** MATERIAL FOR THE TASK follows **

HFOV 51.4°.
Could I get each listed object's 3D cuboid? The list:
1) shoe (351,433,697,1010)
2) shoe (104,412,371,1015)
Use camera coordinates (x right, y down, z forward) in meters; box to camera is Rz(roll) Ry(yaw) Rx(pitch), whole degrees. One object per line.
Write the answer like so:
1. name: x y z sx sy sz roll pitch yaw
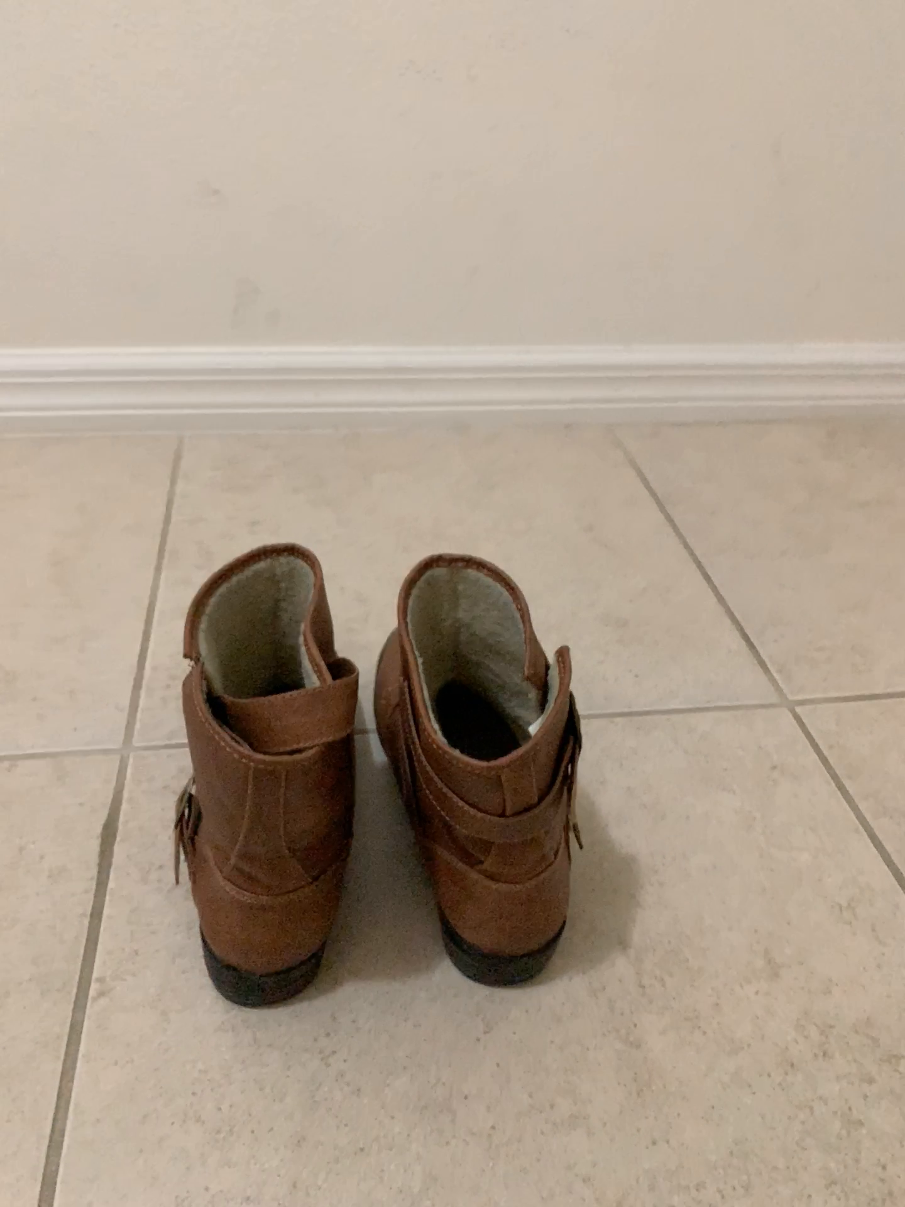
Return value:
1. shoe: 0.014 0.045 0.516 0.107 0.172 0.262 -4 36 -11
2. shoe: -0.098 0.042 0.494 0.094 0.192 0.248 -2 36 -8
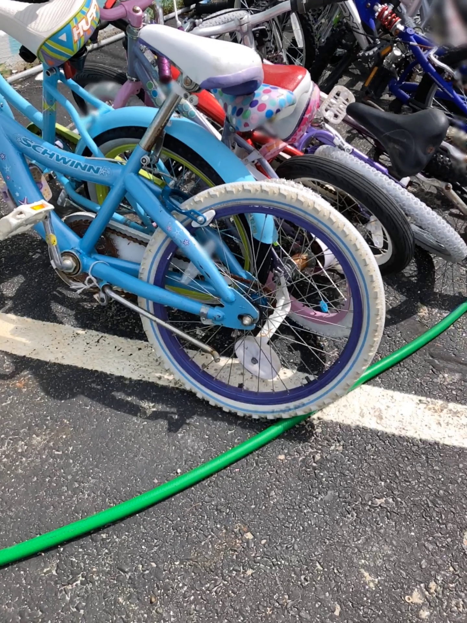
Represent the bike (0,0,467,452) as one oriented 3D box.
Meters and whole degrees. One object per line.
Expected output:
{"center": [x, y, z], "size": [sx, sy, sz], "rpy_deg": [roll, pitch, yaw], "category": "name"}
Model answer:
{"center": [-0.302, -0.367, 0.911], "size": [1.265, 0.777, 0.559], "rpy_deg": [14, 45, 5], "category": "bike"}
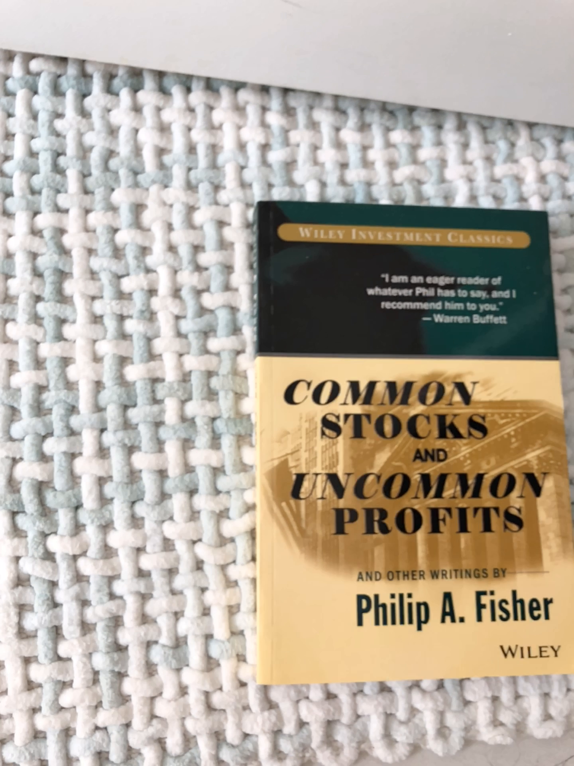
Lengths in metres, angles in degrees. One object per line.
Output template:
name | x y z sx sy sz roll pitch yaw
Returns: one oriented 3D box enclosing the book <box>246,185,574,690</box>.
book | 0.062 0.022 0.338 0.166 0.027 0.247 0 81 -6
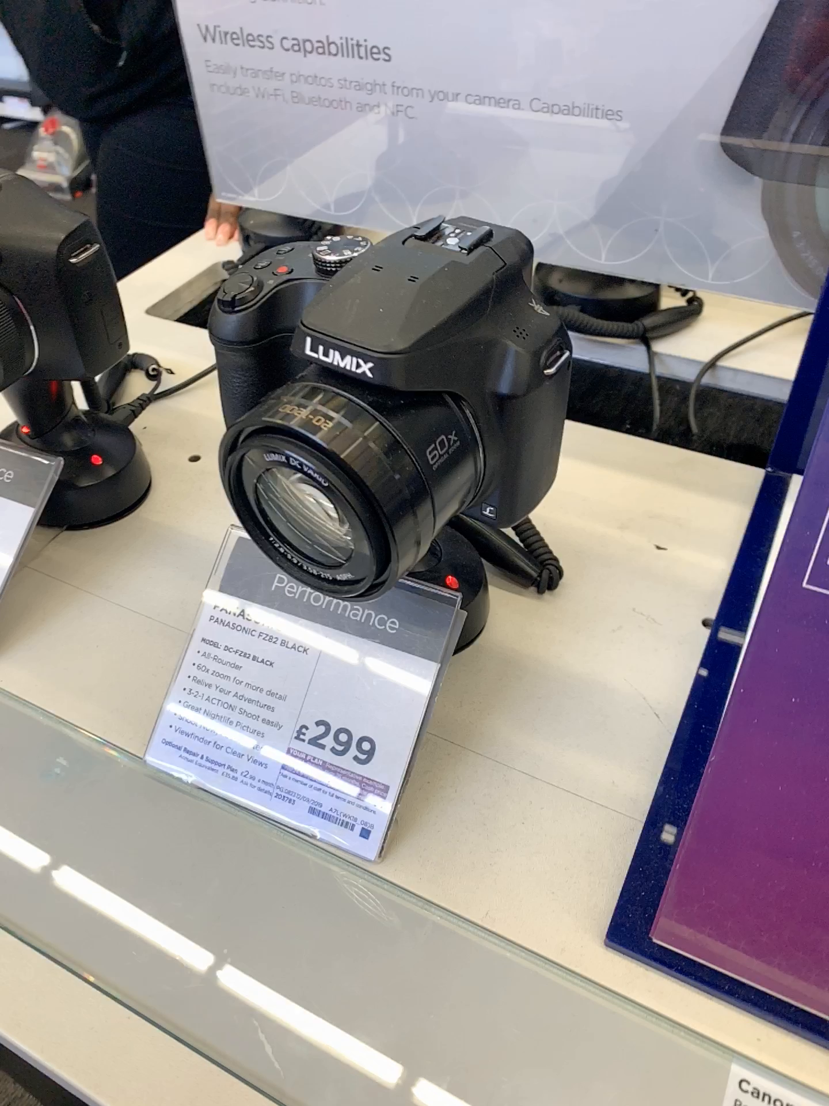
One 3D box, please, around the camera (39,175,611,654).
[{"bbox_3d":[-0.022,-0.057,0.289,0.130,0.079,0.121,21,48,24],"label":"camera"}]
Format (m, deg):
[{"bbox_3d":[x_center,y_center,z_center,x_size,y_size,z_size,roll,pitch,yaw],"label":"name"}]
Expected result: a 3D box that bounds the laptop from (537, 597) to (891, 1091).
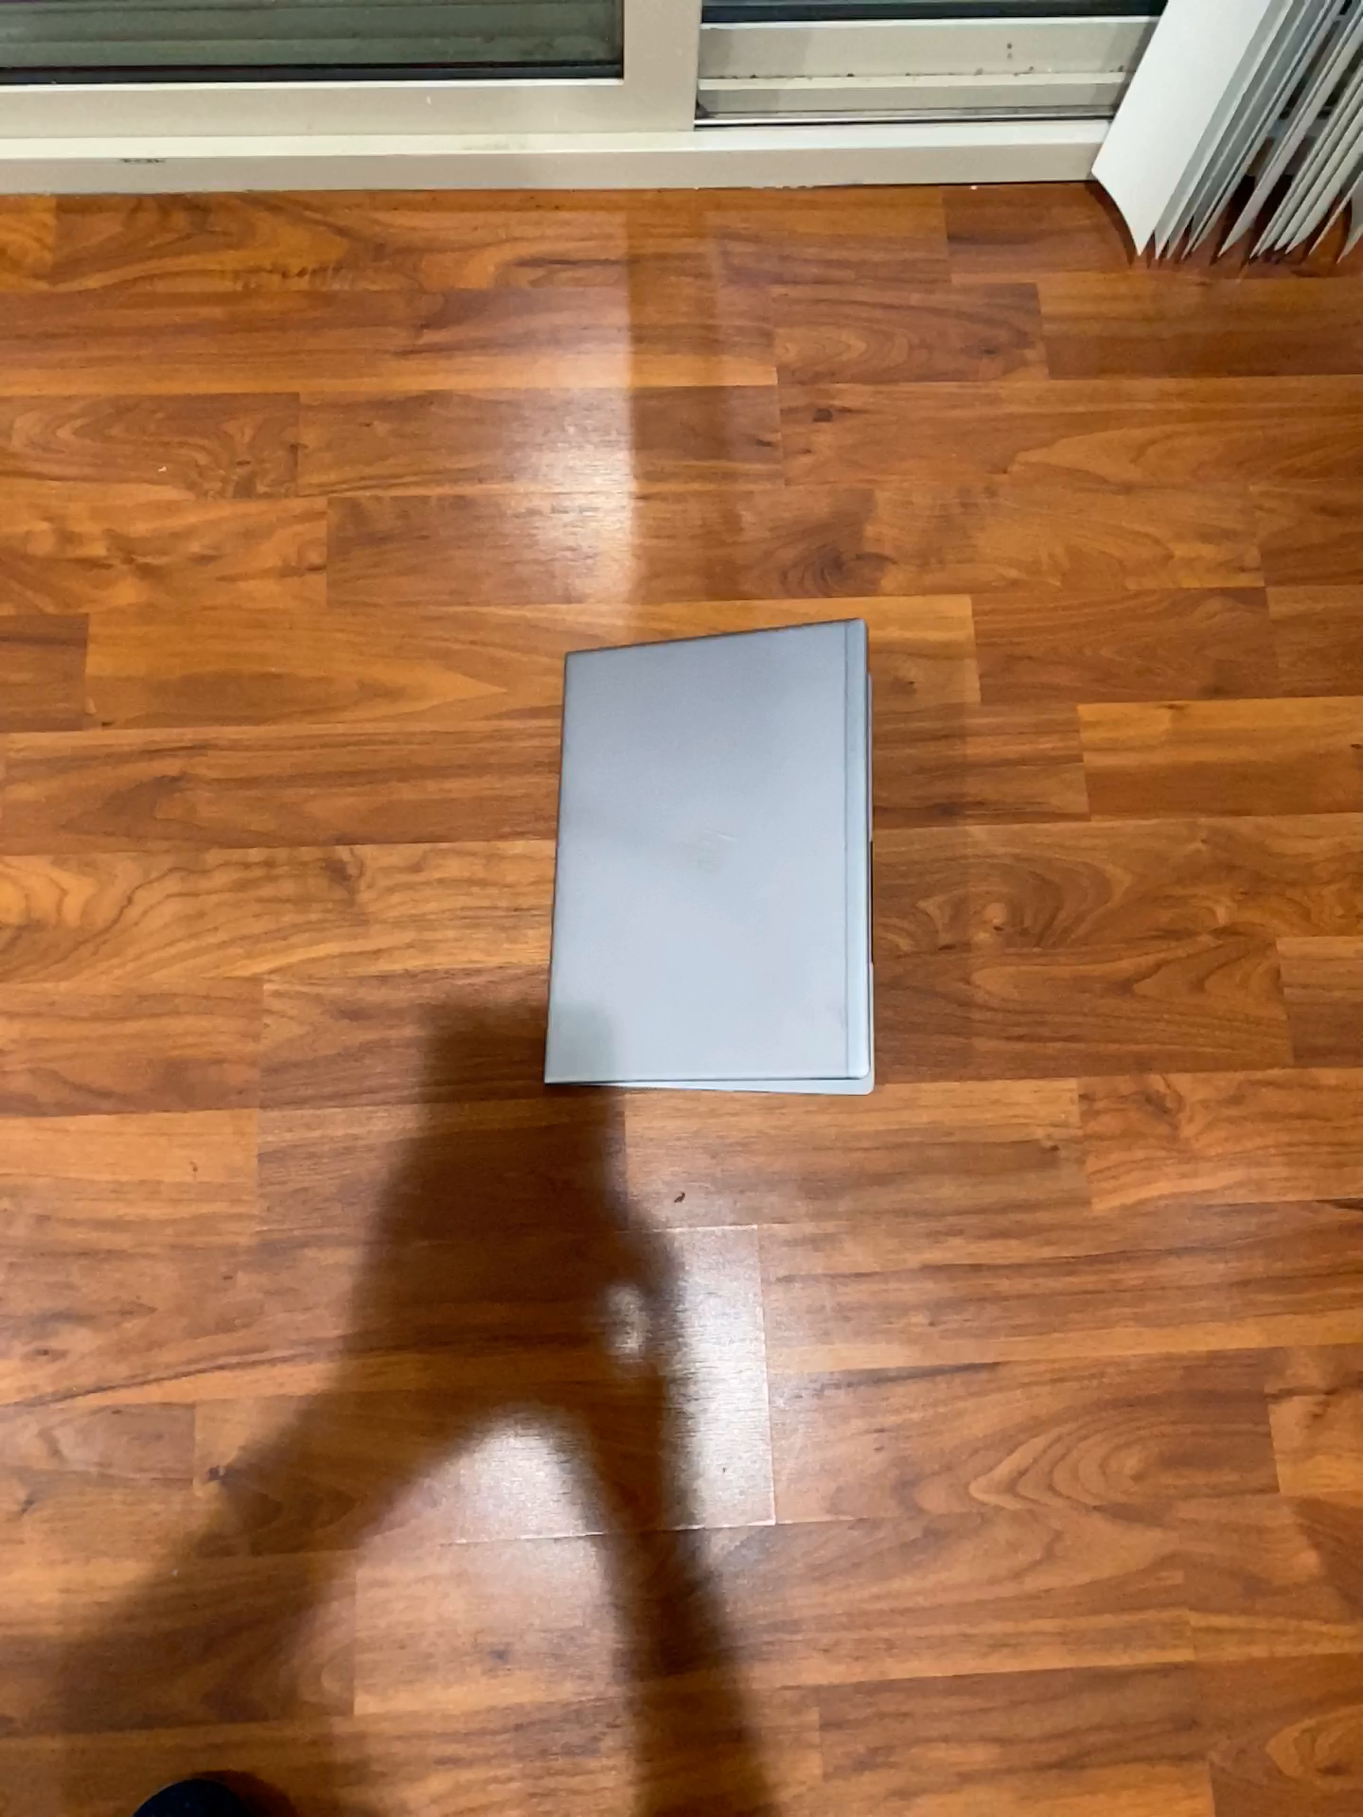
[{"bbox_3d":[0.024,-0.044,0.968,0.230,0.078,0.325,2,76,-3],"label":"laptop"}]

** End of MATERIAL FOR THE TASK **

ASSIGNED TASK: A single number is required: how many lines in the material hold the word "whole".

EXERCISE RESULT: 2